Layar Tetap Aman di Tengah Uji Brutal
Salah satu temuan paling menarik dari uji ekstrem ini adalah kondisi layar. Di tengah tekanan besar pada sistem engsel, layar fleksibel Galaxy Z TriFold tetap berfungsi normal hingga akhir pengujian.
Tidak ditemukan dead pixel, garis mati, atau gangguan tampilan lainnya. Hal ini menegaskan bahwa teknologi panel lipat Samsung telah mencapai tingkat ketahanan yang tinggi, bahkan ketika diuji dalam skenario yang sangat tidak realistis bagi penggunaan sehari-hari.
Temuan ini juga memperjelas bahwa tantangan terbesar pada ponsel lipat tiga bukan lagi pada layar, melainkan pada kompleksitas mekanisme engsel ganda.
Klaim Samsung dan Tantangan Desain Tri-Fold
Samsung memberikan rating ketahanan 200.000 lipatan untuk Galaxy Z TriFold sebagai estimasi penggunaan bertahun-tahun. Sebagai perbandingan, Samsung mengklaim Galaxy Z Fold 7 mampu bertahan hingga 500.000 lipatan, jauh lebih tinggi karena hanya mengandalkan satu engsel utama.
Perbedaan ini menyoroti betapa menantangnya merancang ponsel dengan desain tri-fold. Dua engsel harus bekerja secara sinkron, menopang tiga panel layar, dan menanggung tekanan mekanis yang tidak merata di setiap lipatan.
Desain yang lebih kompleks ini menjadikan Galaxy Z TriFold sebagai produk eksperimental yang membuka jalan bagi pengembangan lebih lanjut, bukan sebagai bentuk akhir dari teknologi lipat.
Apa Artinya bagi Pengguna?
Bagi calon pengguna, hasil uji ini tidak serta-merta menjadi tanda bahaya. Angka 144.000 lipatan dalam kondisi ekstrem non-stop masih setara dengan penggunaan bertahun-tahun dalam skenario normal.
Sebaliknya, uji ini justru mengonfirmasi bahwa layar fleksibel Samsung sudah sangat matang. Tantangan ke depan terletak pada penyempurnaan sistem engsel agar lebih konsisten dan tahan lama.
Samsung sendiri diketahui terus berinvestasi dalam inovasi material, desain engsel, dan optimasi mekanis untuk lini ponsel lipatnya. Galaxy Z TriFold dapat dipandang sebagai fondasi awal menuju era smartphone multi-lipat yang lebih andal.

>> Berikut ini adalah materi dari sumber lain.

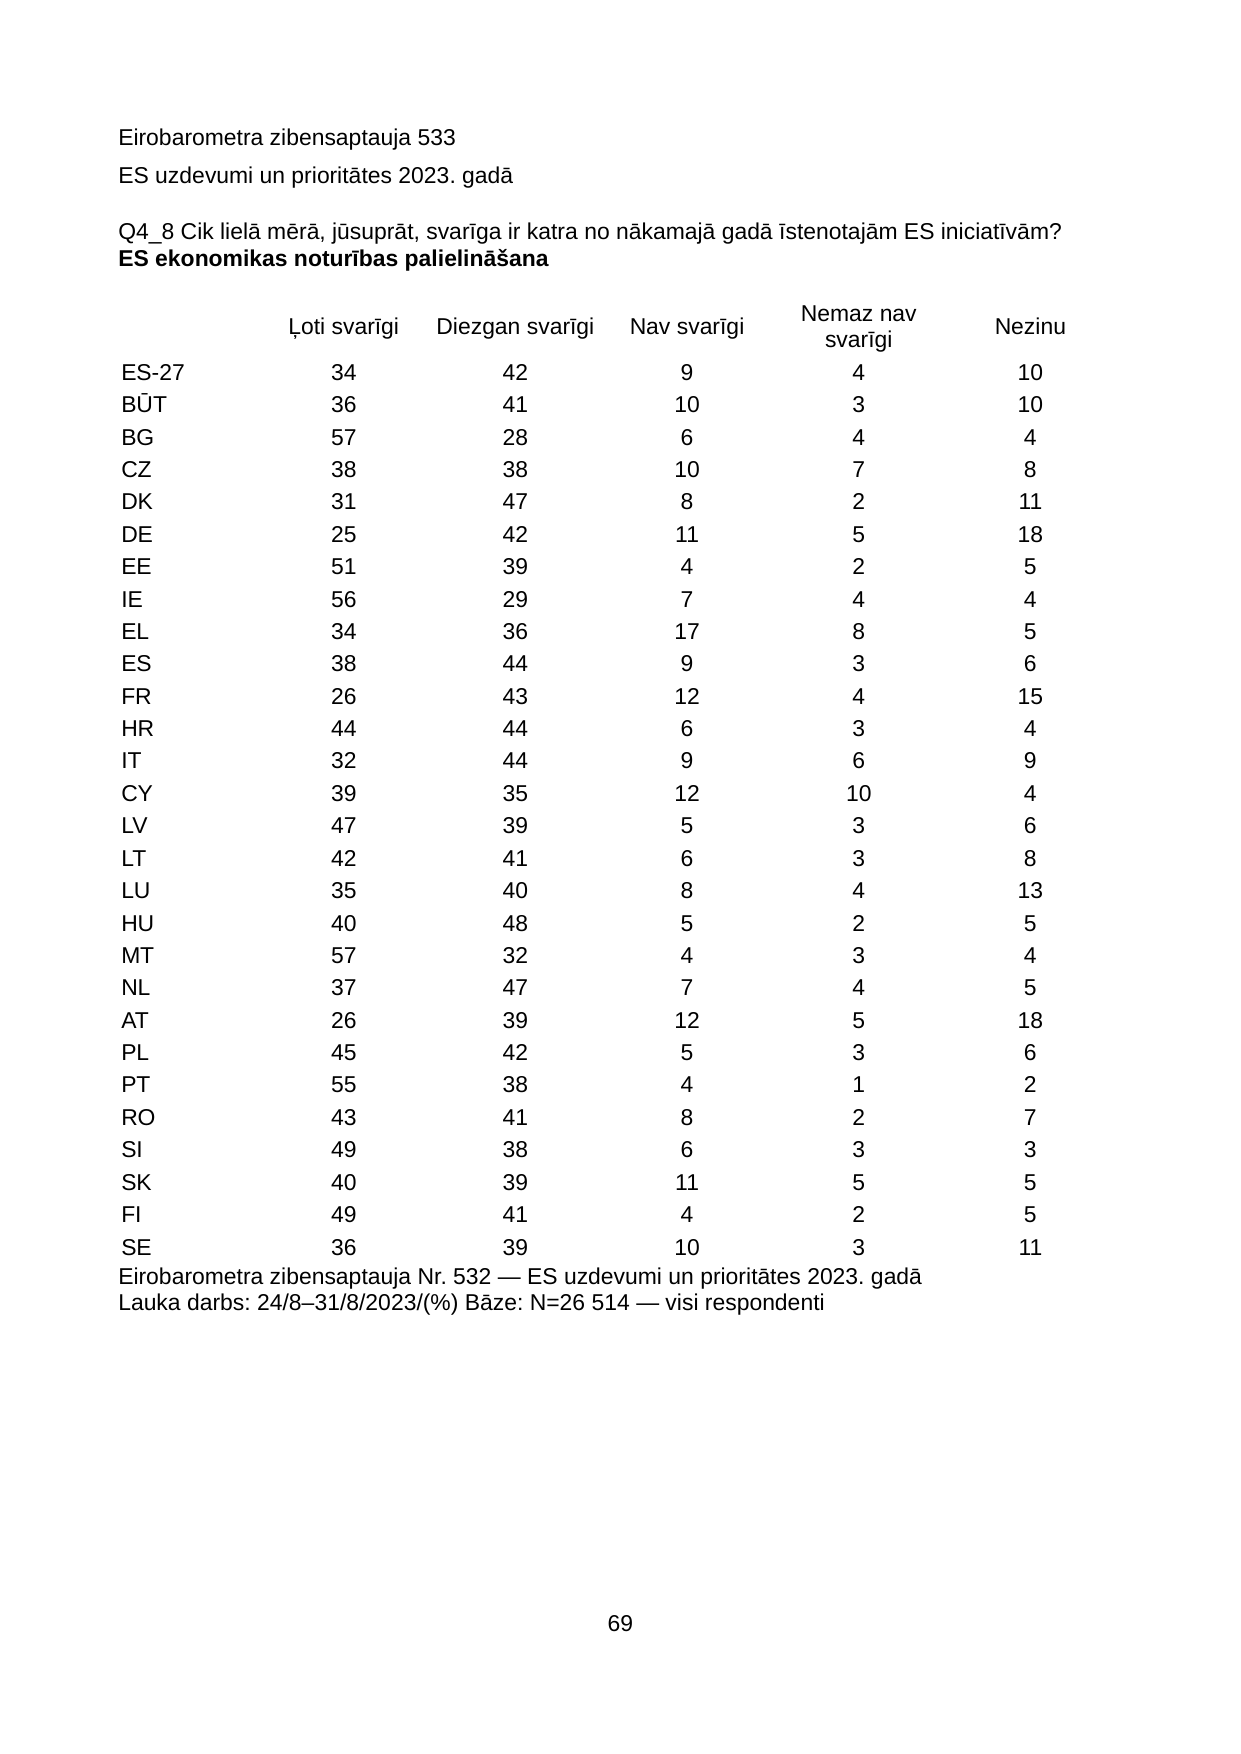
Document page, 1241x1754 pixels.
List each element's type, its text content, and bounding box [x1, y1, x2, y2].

table_cell 3 [773, 1230, 944, 1263]
table_cell 10 [944, 356, 1116, 388]
table_cell 41 [429, 1198, 601, 1230]
table_header Nav svarīgi [601, 297, 773, 356]
table_cell 36 [258, 388, 429, 421]
table_cell 42 [429, 1036, 601, 1068]
table_cell 39 [429, 1230, 601, 1263]
table_cell 8 [601, 485, 773, 518]
table_cell 8 [601, 1101, 773, 1133]
table_cell PL [118, 1036, 258, 1068]
table_cell 10 [773, 777, 944, 809]
table_cell 35 [429, 777, 601, 809]
table_cell 8 [944, 842, 1116, 874]
table_cell 9 [601, 647, 773, 680]
table_cell 6 [773, 745, 944, 777]
table_cell ES-27 [118, 356, 258, 388]
table_cell 43 [258, 1101, 429, 1133]
table_cell 47 [429, 971, 601, 1004]
table_header [118, 297, 258, 356]
table_cell DE [118, 518, 258, 550]
table_cell 35 [258, 874, 429, 906]
text Q4_8 Cik lielā mērā, jūsuprāt, svarīga ir katra no nākamajā gadā īstenotajām ES iniciatīvām? [118, 218, 1122, 244]
table_cell 57 [258, 421, 429, 453]
table_cell 38 [258, 453, 429, 485]
table_cell 13 [944, 874, 1116, 906]
table_cell 2 [773, 550, 944, 582]
table_cell 4 [773, 971, 944, 1004]
table_cell CY [118, 777, 258, 809]
table_cell SI [118, 1133, 258, 1166]
table_cell 3 [773, 712, 944, 744]
table_cell 9 [944, 745, 1116, 777]
table_cell 36 [258, 1230, 429, 1263]
table_cell 5 [944, 1198, 1116, 1230]
table_cell 3 [773, 388, 944, 421]
table_cell 7 [944, 1101, 1116, 1133]
table_cell 44 [258, 712, 429, 744]
table_cell 34 [258, 615, 429, 647]
table_cell 3 [773, 647, 944, 680]
table_cell 44 [429, 647, 601, 680]
table_cell 40 [258, 1166, 429, 1198]
table_cell EL [118, 615, 258, 647]
table_cell 5 [773, 1004, 944, 1036]
table_cell 4 [773, 680, 944, 712]
table_cell 5 [773, 518, 944, 550]
table_cell 10 [601, 453, 773, 485]
table_cell AT [118, 1004, 258, 1036]
table_cell 32 [429, 939, 601, 971]
table_cell SE [118, 1230, 258, 1263]
table_cell 6 [944, 1036, 1116, 1068]
table_header Diezgan svarīgi [429, 297, 601, 356]
table_cell 11 [601, 1166, 773, 1198]
table_cell 41 [429, 1101, 601, 1133]
table_cell LV [118, 809, 258, 842]
table_cell 4 [944, 712, 1116, 744]
table_cell 5 [601, 906, 773, 939]
table_cell RO [118, 1101, 258, 1133]
table_cell 5 [601, 1036, 773, 1068]
table_cell 42 [429, 356, 601, 388]
table_cell 41 [429, 388, 601, 421]
table_cell 37 [258, 971, 429, 1004]
table_cell 11 [944, 485, 1116, 518]
table_cell IE [118, 583, 258, 615]
table_cell 7 [773, 453, 944, 485]
table_header Ļoti svarīgi [258, 297, 429, 356]
table_cell 49 [258, 1198, 429, 1230]
table_cell 39 [429, 550, 601, 582]
table_cell 5 [944, 1166, 1116, 1198]
table_cell 34 [258, 356, 429, 388]
table_cell DK [118, 485, 258, 518]
table_cell 2 [773, 485, 944, 518]
table_cell 1 [773, 1069, 944, 1101]
table_cell 32 [258, 745, 429, 777]
table_cell 29 [429, 583, 601, 615]
table_cell 38 [429, 453, 601, 485]
table_cell FI [118, 1198, 258, 1230]
table_cell 39 [258, 777, 429, 809]
table_cell 31 [258, 485, 429, 518]
table_cell 2 [944, 1069, 1116, 1101]
table_cell IT [118, 745, 258, 777]
table_header Nezinu [944, 297, 1116, 356]
table_cell 5 [944, 550, 1116, 582]
table_cell 12 [601, 680, 773, 712]
table_cell 7 [601, 971, 773, 1004]
table_cell 28 [429, 421, 601, 453]
text Eirobarometra zibensaptauja Nr. 532 — ES uzdevumi un prioritātes 2023. gadā [118, 1263, 1122, 1289]
table_cell 6 [944, 809, 1116, 842]
table_cell 5 [601, 809, 773, 842]
table_cell 4 [601, 939, 773, 971]
table_cell HU [118, 906, 258, 939]
text ES ekonomikas noturības palielināšana [118, 244, 1122, 271]
table_cell 10 [944, 388, 1116, 421]
table_cell 12 [601, 777, 773, 809]
table_cell 39 [429, 809, 601, 842]
table_cell 42 [258, 842, 429, 874]
table_cell 5 [944, 615, 1116, 647]
table_cell 39 [429, 1166, 601, 1198]
table_cell 4 [601, 550, 773, 582]
table_cell 44 [429, 712, 601, 744]
table_cell CZ [118, 453, 258, 485]
table_cell 4 [944, 421, 1116, 453]
table_cell 26 [258, 680, 429, 712]
table_cell 5 [944, 971, 1116, 1004]
table_cell 15 [944, 680, 1116, 712]
table_cell 49 [258, 1133, 429, 1166]
table_cell 4 [773, 421, 944, 453]
table_cell 11 [944, 1230, 1116, 1263]
table_cell 4 [773, 874, 944, 906]
table_cell 26 [258, 1004, 429, 1036]
table_cell 57 [258, 939, 429, 971]
table_cell EE [118, 550, 258, 582]
table_cell 8 [944, 453, 1116, 485]
table_cell 17 [601, 615, 773, 647]
table_cell 6 [601, 421, 773, 453]
table_cell 2 [773, 1101, 944, 1133]
text Lauka darbs: 24/8–31/8/2023/(%) Bāze: N=26 514 — visi respondenti [118, 1289, 1122, 1316]
table_cell 48 [429, 906, 601, 939]
table_cell 4 [773, 583, 944, 615]
table_cell 11 [601, 518, 773, 550]
table_cell FR [118, 680, 258, 712]
table_cell 55 [258, 1069, 429, 1101]
table_cell ES [118, 647, 258, 680]
table_cell 40 [429, 874, 601, 906]
table_cell 43 [429, 680, 601, 712]
table_cell 9 [601, 745, 773, 777]
table_cell 4 [944, 777, 1116, 809]
table_cell 47 [429, 485, 601, 518]
table_cell 5 [944, 906, 1116, 939]
table_cell 12 [601, 1004, 773, 1036]
table_cell 9 [601, 356, 773, 388]
table_cell 3 [944, 1133, 1116, 1166]
table_cell 10 [601, 1230, 773, 1263]
table_cell 41 [429, 842, 601, 874]
table_cell 4 [944, 939, 1116, 971]
table_cell 10 [601, 388, 773, 421]
table_cell 40 [258, 906, 429, 939]
table_cell 18 [944, 518, 1116, 550]
table_header Nemaz nav svarīgi [773, 297, 944, 356]
table_cell 18 [944, 1004, 1116, 1036]
table_cell BG [118, 421, 258, 453]
table_cell 38 [429, 1069, 601, 1101]
table_cell LT [118, 842, 258, 874]
table_cell 3 [773, 842, 944, 874]
table_cell 36 [429, 615, 601, 647]
table_cell SK [118, 1166, 258, 1198]
table_cell 4 [601, 1069, 773, 1101]
table_cell PT [118, 1069, 258, 1101]
table_cell 42 [429, 518, 601, 550]
table_cell 8 [601, 874, 773, 906]
table_cell 4 [944, 583, 1116, 615]
table_cell 56 [258, 583, 429, 615]
table_cell 45 [258, 1036, 429, 1068]
table_cell HR [118, 712, 258, 744]
table_cell 2 [773, 906, 944, 939]
table_cell 44 [429, 745, 601, 777]
table_cell 4 [773, 356, 944, 388]
table_cell 51 [258, 550, 429, 582]
table_cell 25 [258, 518, 429, 550]
table_cell 6 [601, 842, 773, 874]
table_cell 38 [429, 1133, 601, 1166]
table_cell 38 [258, 647, 429, 680]
table_cell NL [118, 971, 258, 1004]
table_cell LU [118, 874, 258, 906]
table_cell 4 [601, 1198, 773, 1230]
table_cell 6 [944, 647, 1116, 680]
table_cell 2 [773, 1198, 944, 1230]
table_cell 39 [429, 1004, 601, 1036]
table_cell 7 [601, 583, 773, 615]
table_cell 6 [601, 1133, 773, 1166]
table_cell 6 [601, 712, 773, 744]
table_cell 47 [258, 809, 429, 842]
table_cell 3 [773, 1036, 944, 1068]
table_cell BŪT [118, 388, 258, 421]
table_cell 3 [773, 1133, 944, 1166]
table_cell 3 [773, 809, 944, 842]
table_cell 3 [773, 939, 944, 971]
table_cell 8 [773, 615, 944, 647]
table_cell MT [118, 939, 258, 971]
table_cell 5 [773, 1166, 944, 1198]

Uji brutal ini pada akhirnya memberikan gambaran realistis tentang batas teknologi generasi pertama. Galaxy Z TriFold mungkin belum sempurna, tetapi ia menandai langkah penting dalam evolusi ponsel lipat menuju bentuk faktor yang semakin matang dan siap dipakai jangka panjang.